How can I maintain healthy cholesterol levels in my blood?


Discuss your numbers with your doctor. In addition to high cholesterol, the risk of disease depends on a number of other factors. To keep your cholesterol levels in check, you should:

  • Choose nutritious foods. Reduce your consumption of foods high in saturated or trans fats, sugar, and sodium (salt). Choose foods that are high in fibre and unsaturated fats, such as fresh fruits and vegetables, avocados, and nuts. iconExternal Learn more about healthy eating.
  • Maintain physical activity.
    Each week, you should complete a minimum of 2 hours and 30 minutes of moderate exercise, such as bicycling or brisk walking.
  • Don’t smoke.

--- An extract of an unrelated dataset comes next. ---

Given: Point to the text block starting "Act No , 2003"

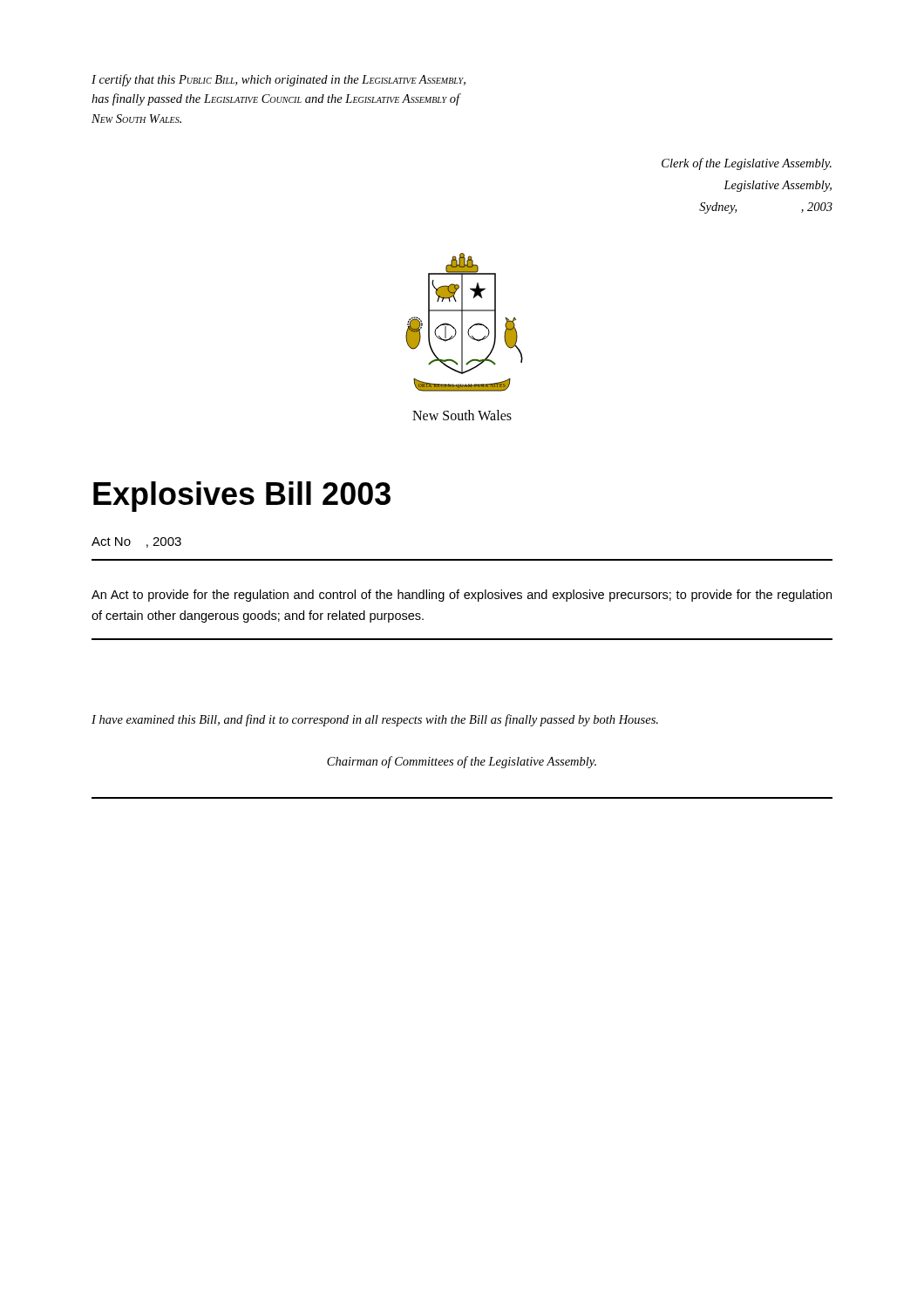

Smoking harms the blood vessels and significantly raises the risk of heart disease and stroke. If you do not smoke, do not begin.
  • If necessary, take medicine.
    A healthy diet and physical activity can help many people achieve healthy cholesterol levels, but certain individuals may require cholesterol-lowering medication. Always take your medication exactly as directed.

Typically, high cholesterol has no symptoms.

The only way to determine if you have high cholesterol is to undergo a cholesterol test. Your health care team can measure your cholesterol levels with a simple blood test called a “lipid profile.”

What Occurs Throughout a Cholesterol Test?


The cholesterol screening or test requires a simple blood draw. You may be required to fast for 8 to 12 hours prior to your cholesterol test. Ask your physician how to prepare for the test.

 

Sources

enters for Disease Control and Prevention, National Center for Health Statistics. About Multiple Cause of Death, 1999–2019. CDC WONDER Online Database website. Atlanta, GA: Centers for Disease Control and Prevention; 2019. Accessed February 1, 2021.

https://www.nhs.uk/conditions/high-cholesterol/getting-tested/

Reviewed by Doctor Colin Galloway on 17/06/2022

Dr. Galloway has over 15 years of experience as a Cardiology and General Medicine consultant. He is a graduate of University College London.